> [DATA FOR THE TASK]
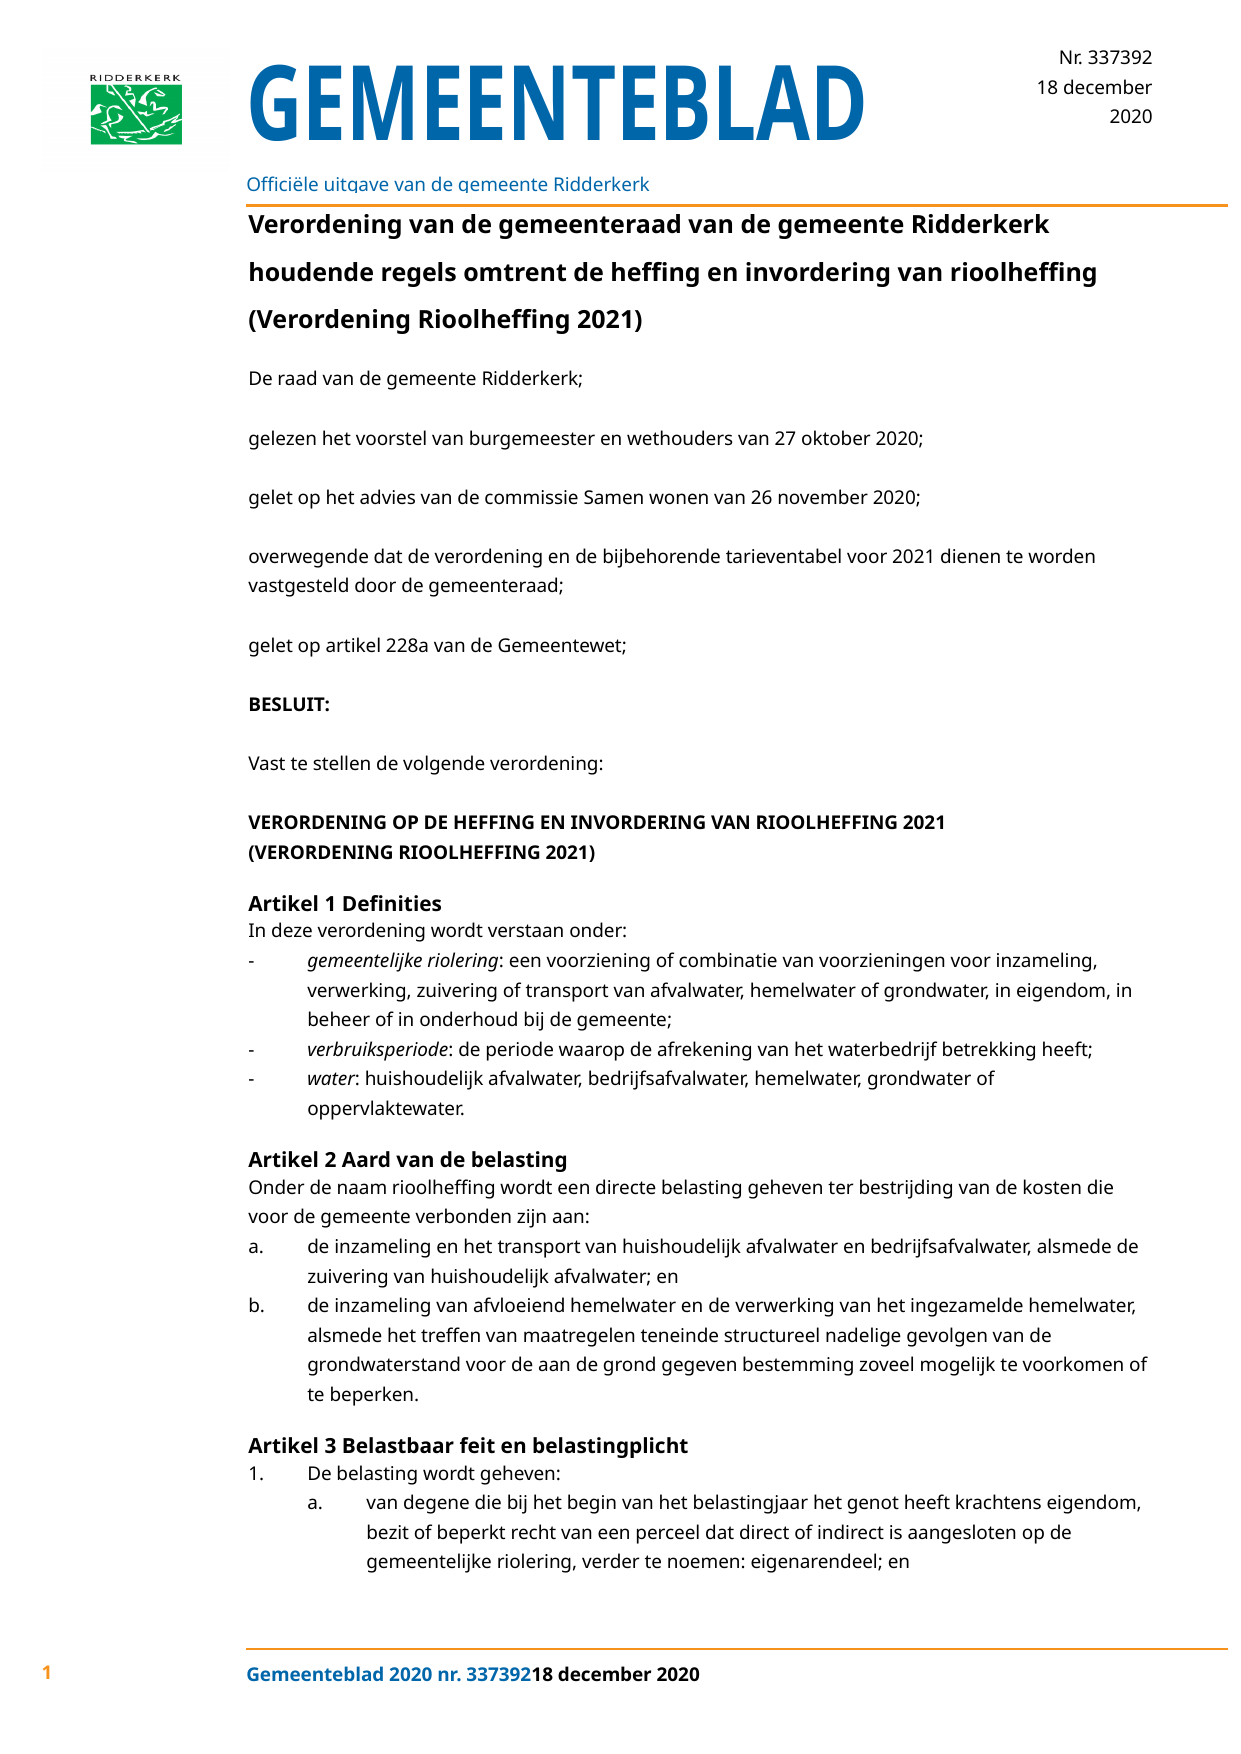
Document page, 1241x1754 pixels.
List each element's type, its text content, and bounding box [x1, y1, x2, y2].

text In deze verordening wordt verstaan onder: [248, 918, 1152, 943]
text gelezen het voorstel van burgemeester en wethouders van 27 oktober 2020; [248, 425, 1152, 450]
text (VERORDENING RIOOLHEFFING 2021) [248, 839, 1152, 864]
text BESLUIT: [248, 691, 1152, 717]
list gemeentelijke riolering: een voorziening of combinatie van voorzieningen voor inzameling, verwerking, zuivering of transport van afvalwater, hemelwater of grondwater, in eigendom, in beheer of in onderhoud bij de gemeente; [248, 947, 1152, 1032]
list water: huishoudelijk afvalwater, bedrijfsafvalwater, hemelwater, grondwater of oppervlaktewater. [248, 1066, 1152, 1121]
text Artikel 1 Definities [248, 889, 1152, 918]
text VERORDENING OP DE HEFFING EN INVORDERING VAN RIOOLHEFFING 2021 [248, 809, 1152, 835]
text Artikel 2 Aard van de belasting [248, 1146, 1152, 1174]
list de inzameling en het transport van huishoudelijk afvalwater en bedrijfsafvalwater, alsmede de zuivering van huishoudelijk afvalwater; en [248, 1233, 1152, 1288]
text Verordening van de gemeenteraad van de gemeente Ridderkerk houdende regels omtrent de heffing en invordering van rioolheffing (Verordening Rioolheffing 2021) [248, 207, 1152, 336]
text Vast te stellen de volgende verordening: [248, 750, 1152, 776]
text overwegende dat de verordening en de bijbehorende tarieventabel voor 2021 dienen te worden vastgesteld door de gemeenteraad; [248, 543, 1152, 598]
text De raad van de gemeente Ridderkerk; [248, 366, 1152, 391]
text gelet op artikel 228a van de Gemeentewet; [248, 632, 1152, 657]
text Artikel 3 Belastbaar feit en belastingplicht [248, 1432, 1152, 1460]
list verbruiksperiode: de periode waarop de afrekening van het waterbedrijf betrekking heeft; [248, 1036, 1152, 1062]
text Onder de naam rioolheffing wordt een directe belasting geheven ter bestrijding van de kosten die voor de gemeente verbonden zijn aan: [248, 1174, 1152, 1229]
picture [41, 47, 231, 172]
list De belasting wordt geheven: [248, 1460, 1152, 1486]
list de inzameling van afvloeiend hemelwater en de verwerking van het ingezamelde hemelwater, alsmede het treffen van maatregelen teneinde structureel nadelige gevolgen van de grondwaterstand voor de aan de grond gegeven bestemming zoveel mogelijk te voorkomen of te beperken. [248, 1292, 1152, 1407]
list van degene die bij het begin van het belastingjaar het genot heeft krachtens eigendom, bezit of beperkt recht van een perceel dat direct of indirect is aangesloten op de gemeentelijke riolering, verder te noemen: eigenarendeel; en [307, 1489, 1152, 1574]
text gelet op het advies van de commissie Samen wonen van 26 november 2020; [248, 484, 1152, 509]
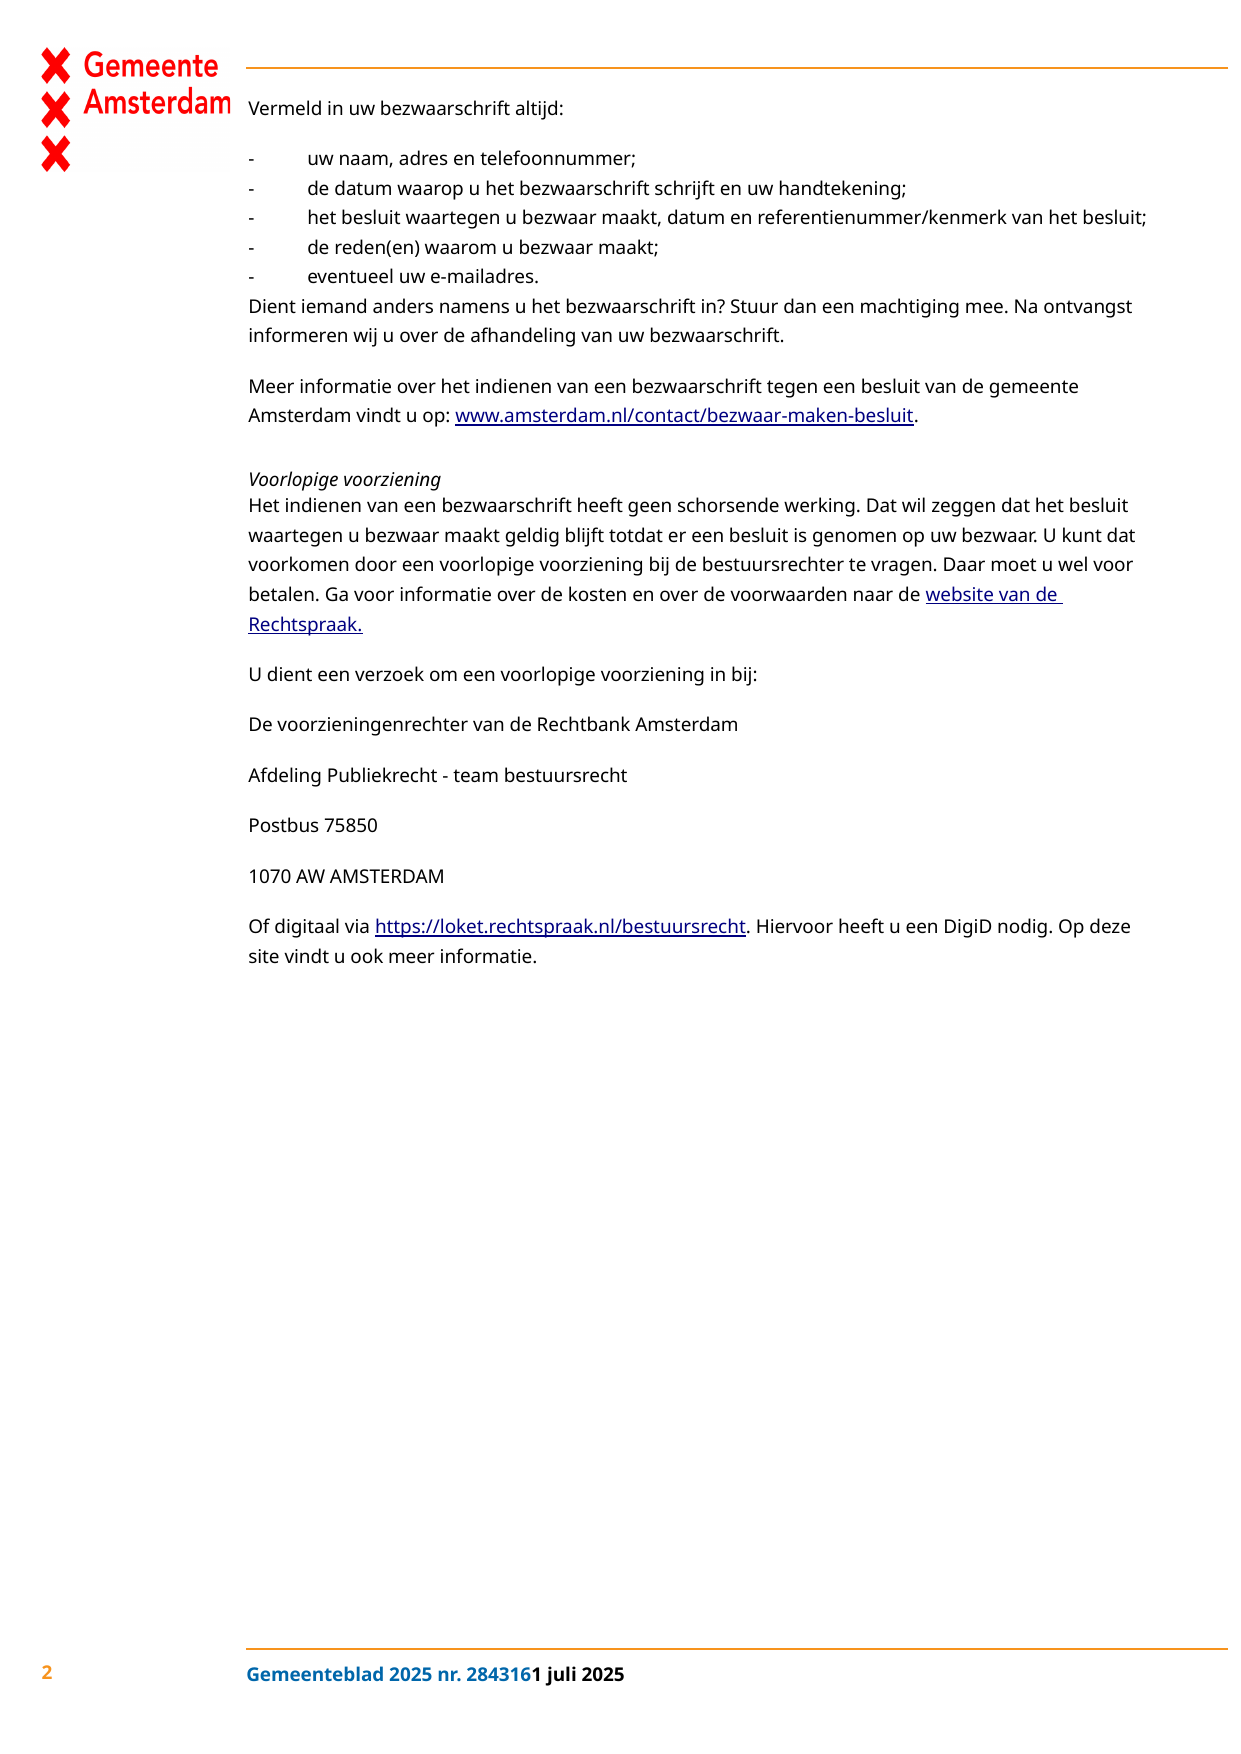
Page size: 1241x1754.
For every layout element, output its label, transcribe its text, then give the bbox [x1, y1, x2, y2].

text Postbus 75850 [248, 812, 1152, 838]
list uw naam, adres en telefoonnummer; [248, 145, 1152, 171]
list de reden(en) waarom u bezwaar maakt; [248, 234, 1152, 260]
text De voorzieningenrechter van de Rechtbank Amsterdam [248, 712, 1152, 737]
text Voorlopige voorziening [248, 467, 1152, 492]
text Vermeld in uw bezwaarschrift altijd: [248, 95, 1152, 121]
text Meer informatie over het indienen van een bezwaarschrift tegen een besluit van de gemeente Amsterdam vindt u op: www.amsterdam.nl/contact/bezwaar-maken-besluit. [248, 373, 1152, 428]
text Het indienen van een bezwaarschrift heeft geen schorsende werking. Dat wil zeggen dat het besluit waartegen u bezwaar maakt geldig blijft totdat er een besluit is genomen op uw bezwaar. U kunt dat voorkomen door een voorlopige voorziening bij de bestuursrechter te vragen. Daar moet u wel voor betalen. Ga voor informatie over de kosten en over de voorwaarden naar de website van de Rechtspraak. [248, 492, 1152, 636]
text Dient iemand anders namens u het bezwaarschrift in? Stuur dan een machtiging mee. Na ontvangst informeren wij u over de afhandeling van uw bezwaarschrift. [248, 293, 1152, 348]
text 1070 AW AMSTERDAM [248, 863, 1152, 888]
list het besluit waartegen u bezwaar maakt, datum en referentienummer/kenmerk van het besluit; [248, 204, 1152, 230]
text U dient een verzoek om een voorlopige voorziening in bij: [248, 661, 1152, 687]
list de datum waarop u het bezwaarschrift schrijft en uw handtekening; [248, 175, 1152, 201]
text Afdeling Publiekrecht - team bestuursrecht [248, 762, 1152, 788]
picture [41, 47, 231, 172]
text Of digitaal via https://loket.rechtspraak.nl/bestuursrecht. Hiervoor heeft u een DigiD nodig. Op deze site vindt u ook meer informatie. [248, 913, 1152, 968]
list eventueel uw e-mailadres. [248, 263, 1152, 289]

> [WHAT TO WORK ON] All lines from the line containing "text Voorlopige voorziening" through the last line of the data are to be repeated exactly; no other line belongs in the answer.

> [SOLVED EXERCISE]
text Voorlopige voorziening [248, 467, 1152, 492]
text Vermeld in uw bezwaarschrift altijd: [248, 95, 1152, 121]
text Meer informatie over het indienen van een bezwaarschrift tegen een besluit van de gemeente Amsterdam vindt u op: www.amsterdam.nl/contact/bezwaar-maken-besluit. [248, 373, 1152, 428]
text Het indienen van een bezwaarschrift heeft geen schorsende werking. Dat wil zeggen dat het besluit waartegen u bezwaar maakt geldig blijft totdat er een besluit is genomen op uw bezwaar. U kunt dat voorkomen door een voorlopige voorziening bij de bestuursrechter te vragen. Daar moet u wel voor betalen. Ga voor informatie over de kosten en over de voorwaarden naar de website van de Rechtspraak. [248, 492, 1152, 636]
text Dient iemand anders namens u het bezwaarschrift in? Stuur dan een machtiging mee. Na ontvangst informeren wij u over de afhandeling van uw bezwaarschrift. [248, 293, 1152, 348]
text 1070 AW AMSTERDAM [248, 863, 1152, 888]
list het besluit waartegen u bezwaar maakt, datum en referentienummer/kenmerk van het besluit; [248, 204, 1152, 230]
text U dient een verzoek om een voorlopige voorziening in bij: [248, 661, 1152, 687]
list de datum waarop u het bezwaarschrift schrijft en uw handtekening; [248, 175, 1152, 201]
text Afdeling Publiekrecht - team bestuursrecht [248, 762, 1152, 788]
picture [41, 47, 231, 172]
text Of digitaal via https://loket.rechtspraak.nl/bestuursrecht. Hiervoor heeft u een DigiD nodig. Op deze site vindt u ook meer informatie. [248, 913, 1152, 968]
list eventueel uw e-mailadres. [248, 263, 1152, 289]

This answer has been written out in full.